🤖 AI Summary
To address the challenge of 3D scene reconstruction from sparse views (only 3–5 input images), this paper proposes the first 3D Gaussian Splatting framework integrated with large-model priors. Methodologically: (1) robust geometric initialization is achieved via stereo vision; (2) diffusion models guide iterative optimization of Gaussian parameters, mitigating overfitting and detail loss; (3) video-diffusion priors enhance novel-view synthesis quality. The approach synergistically combines 3D Gaussian Splatting, multi-view stereo matching, Stable Diffusion–style diffusion models, differentiable rendering, and joint optimization. Extensive evaluations on standard benchmarks demonstrate significant improvements over state-of-the-art sparse-view methods—achieving high-fidelity, full 360° reconstructions using merely 3–5 input images, compared to hundreds required previously—while attaining new state-of-the-art visual quality.
📝 Abstract
We aim to address sparse-view reconstruction of a 3D scene by leveraging priors from large-scale vision models. While recent advancements such as 3D Gaussian Splatting (3DGS) have demonstrated remarkable successes in 3D reconstruction, these methods typically necessitate hundreds of input images that densely capture the underlying scene, making them time-consuming and impractical for real-world applications. However, sparse-view reconstruction is inherently ill-posed and under-constrained, often resulting in inferior and incomplete outcomes. This is due to issues such as failed initialization, overfitting on input images, and a lack of details. To mitigate these challenges, we introduce LM-Gaussian, a method capable of generating high-quality reconstructions from a limited number of images.
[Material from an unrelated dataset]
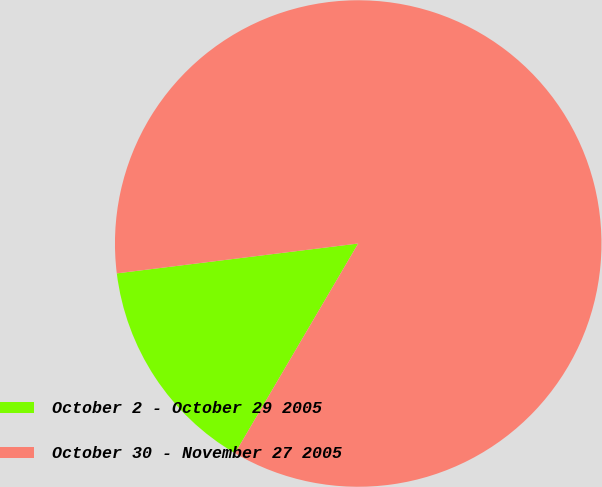<chart> <loc_0><loc_0><loc_500><loc_500><pie_chart><fcel>October 2 - October 29 2005<fcel>October 30 - November 27 2005<nl><fcel>14.59%<fcel>85.41%<nl></chart>

Specifically, we propose a robust initialization module that leverages stereo priors to aid in the recovery of camera poses and the reliable point clouds. Additionally, a diffusion-based refinement is iteratively applied to incorporate image diffusion priors into the Gaussian optimization process to preserve intricate scene details. Finally, we utilize video diffusion priors to further enhance the rendered images for realistic visual effects. Overall, our approach significantly reduces the data acquisition requirements compared to previous 3DGS methods. We validate the effectiveness of our framework through experiments on various public datasets, demonstrating its potential for high-quality 360-degree scene reconstruction. Visual results are on our website.